Nella sua risposta all'interpellanza 22.4431, il Consiglio federale ha sottolineato che la responsabilità dell'organizzazione dello scambio di contingenti di energia elettrica spetta all'economia, che ha saputo giocare d'anticipo mettendo a punto mangellage.ch, finanziata con fondi privati. La pratica ha tuttavia dimostrato i limiti di questa piattaforma: al momento i consumatori non sono infatti in grado di collaborare alla pari con le AAE e i gestori di rete che, a loro volta, non dispongono di capacità sufficienti. Di conseguenza il quadro che ad oggi ammette lo scambio di contingenti è inaccettabilmente ristretto.

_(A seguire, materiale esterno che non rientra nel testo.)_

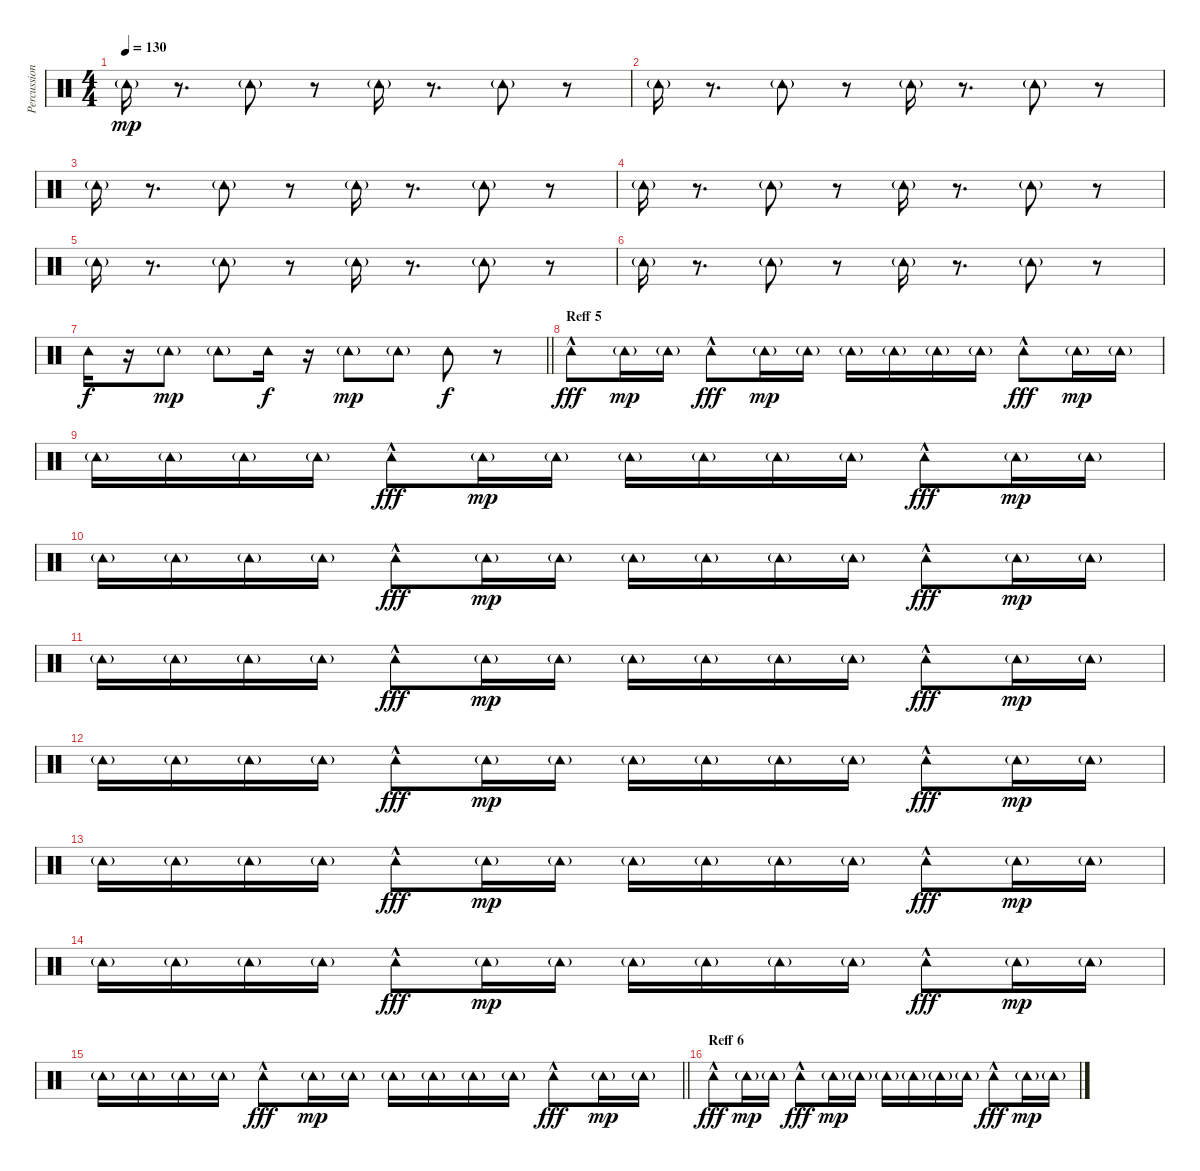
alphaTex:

Sebbene l'obiettivo di un funzionamento sicuro della rete e della stabilità della stessa siano legittimi e le relative condizioni quadro debbano essere accolte, al settore elettrico statale devono essere posti dei vincoli; dovrà inoltre dimostrarsi disponibile a risolvere i problemi legati allo scambio di contingenti in modo da riconoscere l'importanza economica di questo strumento. È per esempio inaccettabile che lo scambio tra diversi comprensori di rete venga rifiutato per motivi amministrativi. Rispettare i diritti e i doveri derivanti dall'ordinanza sul contingentamento dell'energia elettrica è nell'interesse di tutti gli operatori del settore (produttori, fornitori, gestori di rete e consumatori). Questo è l'unico modo per garantire che lo scambio di contingenti avvenga in modo efficiente ed efficace. È quindi fondamentale che tutti gli operatori sopracitati siano equamente rappresentati all'interno dei comitati e dei gruppi di lavoro (p. es. nella stesura delle raccomandazioni di settore per il trasferimento dei contingenti). L'Ostral deve inoltre disporre di risorse sufficienti per poter svolgere la sua importante funzione di coordinamento.

Antrag des Bundesrates

Il Consiglio federale propone di respingere la mozione.

Stellungnahme des Bundesrates

Il trasferimento di contingenti è già possibile (cfr. interpellanza 22.4431).

Per il Consiglio federale è importante impegnarsi per ridurre al minimo le conseguenze negative di un eventuale contingentamento. In quest'ottica, il trasferimento di contingenti diventa una valida opzione. Per l'inverno 2023/2024 si sta quindi cercando una soluzione per i consumatori multi-sito, ossia i grandi consumatori con diverse sedi nei comprensori dei gestori delle reti di distribuzione, in modo tale che, ai fini del contingentamento, vengano conteggiati come singola unità.

Questi lavori, che coinvolgono i gestori delle reti di distribuzione ma anche i grandi consumatori dei settori dell'industria e dei servizi, mirano inoltre a semplificare ulteriormente il trasferimento di contingenti. Al momento vengono valutate diverse varianti. La soluzione per il prossimo inverno sarà comunicata al più tardi a settembre.

Nel caso di una situazione di grave penuria di energia, il contingentamento rappresenta una misura importante dell'Approvvigionamento economico del Paese, perché consente di evitare il rischio di interruzioni di corrente. Non è quindi opportuno minimizzarne l'efficacia.

Il Consiglio federale propone di respingere la mozione.